Thaw v. State

Quillian, Chief Judge.

The defendant appeals his conviction for theft by receiving stolen goods. Held:

1. The evidence produced at trial was sufficient to authorize a rational trier of fact to find the defendant guilty beyond a reasonable doubt.

*313Decided October 13, 1981 Rehearing denied November 6, 1981 Randall M. Clark, for appellant. Glenn Thomas, Jr., District Attorney, John Johnson, Assistant District Attorney, for appellee.

2. The trial judge’s instructions to the jury contained the following language with regard to intent: “It may be inferred from the proven circumstances or intent may be inferred by acts and conduct, or it may be presumed when it is the natural and necessary consequence of the act, but any such inferences or presumptions may be rebutted.”

We find nonmeritorious the defendant’s argument that the charge violated the holding of Sandstrom v. Montana, 442 U.S. 510 (99 SC 2450, 61 LE2d 39).
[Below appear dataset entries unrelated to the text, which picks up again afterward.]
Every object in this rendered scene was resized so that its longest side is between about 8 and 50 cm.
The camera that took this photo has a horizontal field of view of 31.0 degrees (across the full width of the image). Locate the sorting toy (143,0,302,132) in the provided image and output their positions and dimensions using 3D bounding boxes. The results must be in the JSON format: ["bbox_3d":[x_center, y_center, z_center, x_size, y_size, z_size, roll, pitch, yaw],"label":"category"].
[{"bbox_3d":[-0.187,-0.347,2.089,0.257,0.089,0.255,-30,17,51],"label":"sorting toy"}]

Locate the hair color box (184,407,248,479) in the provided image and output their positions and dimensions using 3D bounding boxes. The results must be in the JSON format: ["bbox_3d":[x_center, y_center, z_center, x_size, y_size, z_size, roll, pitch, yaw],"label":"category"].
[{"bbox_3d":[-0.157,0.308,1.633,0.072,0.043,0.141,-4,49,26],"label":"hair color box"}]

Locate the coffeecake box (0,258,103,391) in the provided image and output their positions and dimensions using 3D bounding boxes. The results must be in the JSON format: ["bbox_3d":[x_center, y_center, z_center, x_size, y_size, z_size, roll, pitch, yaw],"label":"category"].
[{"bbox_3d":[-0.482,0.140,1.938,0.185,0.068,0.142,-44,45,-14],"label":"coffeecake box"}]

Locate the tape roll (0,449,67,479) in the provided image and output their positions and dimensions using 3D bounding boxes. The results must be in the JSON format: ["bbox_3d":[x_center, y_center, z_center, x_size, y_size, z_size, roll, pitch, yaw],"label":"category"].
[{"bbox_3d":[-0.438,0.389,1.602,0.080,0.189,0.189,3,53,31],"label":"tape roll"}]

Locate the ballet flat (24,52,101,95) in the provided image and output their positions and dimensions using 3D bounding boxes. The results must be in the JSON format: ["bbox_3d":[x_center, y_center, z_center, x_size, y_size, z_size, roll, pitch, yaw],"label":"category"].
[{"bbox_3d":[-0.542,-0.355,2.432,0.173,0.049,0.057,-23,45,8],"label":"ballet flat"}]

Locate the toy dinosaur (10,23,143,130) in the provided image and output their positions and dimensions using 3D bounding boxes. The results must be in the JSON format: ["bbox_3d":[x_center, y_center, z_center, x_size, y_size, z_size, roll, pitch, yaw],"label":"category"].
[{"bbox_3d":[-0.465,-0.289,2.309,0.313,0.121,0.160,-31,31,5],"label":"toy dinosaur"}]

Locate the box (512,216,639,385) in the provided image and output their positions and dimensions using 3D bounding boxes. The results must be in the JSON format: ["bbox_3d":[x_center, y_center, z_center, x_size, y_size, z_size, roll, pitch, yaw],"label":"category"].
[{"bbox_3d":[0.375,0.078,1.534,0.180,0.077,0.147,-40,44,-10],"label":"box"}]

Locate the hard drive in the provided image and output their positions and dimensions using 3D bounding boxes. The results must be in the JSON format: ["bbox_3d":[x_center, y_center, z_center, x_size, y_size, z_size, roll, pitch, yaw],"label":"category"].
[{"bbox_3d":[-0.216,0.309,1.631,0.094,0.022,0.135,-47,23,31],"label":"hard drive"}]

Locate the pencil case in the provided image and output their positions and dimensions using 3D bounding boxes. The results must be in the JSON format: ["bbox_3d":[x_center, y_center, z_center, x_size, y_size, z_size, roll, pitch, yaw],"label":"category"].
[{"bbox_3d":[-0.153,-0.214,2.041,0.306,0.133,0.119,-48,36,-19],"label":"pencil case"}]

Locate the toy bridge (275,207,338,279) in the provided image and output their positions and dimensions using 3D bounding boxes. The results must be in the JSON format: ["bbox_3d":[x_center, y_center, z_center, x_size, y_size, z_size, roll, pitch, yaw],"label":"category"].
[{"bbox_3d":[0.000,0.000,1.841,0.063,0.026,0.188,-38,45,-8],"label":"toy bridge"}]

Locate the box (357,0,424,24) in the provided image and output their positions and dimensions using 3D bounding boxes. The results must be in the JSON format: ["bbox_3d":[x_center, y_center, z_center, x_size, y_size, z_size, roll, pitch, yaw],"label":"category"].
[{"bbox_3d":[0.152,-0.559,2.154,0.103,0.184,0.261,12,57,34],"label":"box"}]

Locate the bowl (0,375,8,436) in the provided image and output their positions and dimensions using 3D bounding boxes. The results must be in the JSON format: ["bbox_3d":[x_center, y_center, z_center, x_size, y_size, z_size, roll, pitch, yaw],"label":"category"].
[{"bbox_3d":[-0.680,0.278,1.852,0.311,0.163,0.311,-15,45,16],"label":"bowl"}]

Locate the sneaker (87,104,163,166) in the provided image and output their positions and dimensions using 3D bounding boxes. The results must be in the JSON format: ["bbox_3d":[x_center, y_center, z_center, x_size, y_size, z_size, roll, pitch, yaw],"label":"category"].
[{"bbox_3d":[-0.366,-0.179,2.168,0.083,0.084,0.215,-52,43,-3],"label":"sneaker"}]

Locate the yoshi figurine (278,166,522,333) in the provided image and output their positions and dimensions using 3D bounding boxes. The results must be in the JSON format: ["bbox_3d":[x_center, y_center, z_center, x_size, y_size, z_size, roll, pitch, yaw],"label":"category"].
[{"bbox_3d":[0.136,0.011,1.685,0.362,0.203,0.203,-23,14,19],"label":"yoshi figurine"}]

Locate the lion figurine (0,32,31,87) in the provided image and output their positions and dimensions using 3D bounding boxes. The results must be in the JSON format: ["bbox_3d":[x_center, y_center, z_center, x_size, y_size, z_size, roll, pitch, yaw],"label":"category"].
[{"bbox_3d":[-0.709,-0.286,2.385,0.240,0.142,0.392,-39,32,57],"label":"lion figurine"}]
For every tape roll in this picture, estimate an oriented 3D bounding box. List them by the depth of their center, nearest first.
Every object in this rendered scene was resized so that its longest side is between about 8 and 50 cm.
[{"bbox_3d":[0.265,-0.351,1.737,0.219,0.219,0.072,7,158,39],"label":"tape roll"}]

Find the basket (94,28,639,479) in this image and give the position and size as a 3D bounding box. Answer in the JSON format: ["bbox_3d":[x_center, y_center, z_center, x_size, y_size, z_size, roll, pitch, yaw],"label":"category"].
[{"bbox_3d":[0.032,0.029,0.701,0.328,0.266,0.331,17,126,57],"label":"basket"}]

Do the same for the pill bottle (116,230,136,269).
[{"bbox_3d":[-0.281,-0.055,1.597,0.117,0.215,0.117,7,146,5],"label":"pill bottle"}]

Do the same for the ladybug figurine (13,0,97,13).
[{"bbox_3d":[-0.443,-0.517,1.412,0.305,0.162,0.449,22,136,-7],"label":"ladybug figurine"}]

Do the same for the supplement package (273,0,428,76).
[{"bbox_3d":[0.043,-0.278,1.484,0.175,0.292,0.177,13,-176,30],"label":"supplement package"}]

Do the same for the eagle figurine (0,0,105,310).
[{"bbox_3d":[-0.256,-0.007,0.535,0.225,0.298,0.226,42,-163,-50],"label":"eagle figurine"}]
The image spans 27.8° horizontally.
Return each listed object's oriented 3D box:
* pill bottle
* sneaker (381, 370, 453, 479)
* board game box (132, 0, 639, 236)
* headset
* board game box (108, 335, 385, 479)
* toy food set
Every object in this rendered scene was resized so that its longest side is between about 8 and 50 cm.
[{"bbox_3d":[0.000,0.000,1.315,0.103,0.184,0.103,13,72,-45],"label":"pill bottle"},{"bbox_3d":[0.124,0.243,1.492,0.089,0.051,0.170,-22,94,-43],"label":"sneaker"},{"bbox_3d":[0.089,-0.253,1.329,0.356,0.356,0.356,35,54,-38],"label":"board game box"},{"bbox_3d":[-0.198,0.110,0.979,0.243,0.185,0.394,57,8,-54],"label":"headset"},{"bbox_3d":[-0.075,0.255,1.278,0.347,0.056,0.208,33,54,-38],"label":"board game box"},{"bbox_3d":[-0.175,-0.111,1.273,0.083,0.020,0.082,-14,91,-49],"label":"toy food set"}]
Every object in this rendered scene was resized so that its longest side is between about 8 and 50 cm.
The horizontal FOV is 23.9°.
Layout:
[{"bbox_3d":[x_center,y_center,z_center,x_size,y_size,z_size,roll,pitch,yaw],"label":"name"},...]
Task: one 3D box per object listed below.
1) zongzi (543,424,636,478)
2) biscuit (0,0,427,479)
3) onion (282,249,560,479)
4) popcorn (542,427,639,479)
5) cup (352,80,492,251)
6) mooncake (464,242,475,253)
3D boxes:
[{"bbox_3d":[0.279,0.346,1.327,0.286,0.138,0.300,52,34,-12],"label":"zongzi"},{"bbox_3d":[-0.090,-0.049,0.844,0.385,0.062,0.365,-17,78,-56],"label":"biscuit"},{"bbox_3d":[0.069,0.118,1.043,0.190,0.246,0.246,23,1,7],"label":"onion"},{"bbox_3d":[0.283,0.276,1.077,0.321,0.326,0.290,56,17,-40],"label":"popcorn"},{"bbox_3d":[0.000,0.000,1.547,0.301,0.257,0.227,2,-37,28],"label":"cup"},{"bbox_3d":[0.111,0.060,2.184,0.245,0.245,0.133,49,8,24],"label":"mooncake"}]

It should be observed that the trial judge had previously charged the jury as to reasonable doubt, that intent was an essential element of the offense which must be proved beyond a reasonable doubt and that intent was always a question for the jury. After the portion of the charge complained of the trial judge charged: “... you may infer that a person of sound mind and discretion intends the natural and probable consequences of his act. Whether or not you make any such inference is a matter solely within the discretion of you, the jury.” He also instructed the jury: “... a person will not be presumed to act with criminal intent, but the trier of the facts, and that is you, the members of the jury, may find such intention or the absence thereof ...” He then added: “Neither the presumption nor the inferences mentioned by the Court in these instructions place any affirmative burden upon the accused.”

The instruction in the case sub judice is in almost identical language to that found not to be a violation of Sandstrom, supra, in Skrine v. State, 244 Ga. 520 (260 SE2d 900). Moreover, “The charge to the jury must be viewed as a whole and not taken as single instructions in artificial isolation.” Moses v. State, 245 Ga. 180, 182 (263 SE2d 916). The charge in its entirety made it abundantly clear that there was no burden shifting presumption such as that condemned in Sandstrom, supra. See Kerr v. State, 154 Ga. App. 470 (2) (268 SE2d 762); Blair v. State, 245 Ga. 611, 616 (266 SE2d 214).

3. The remaining enumerations of error are without merit.

Judgment affirmed.

McMurray, P. J., and Pope, J., concur.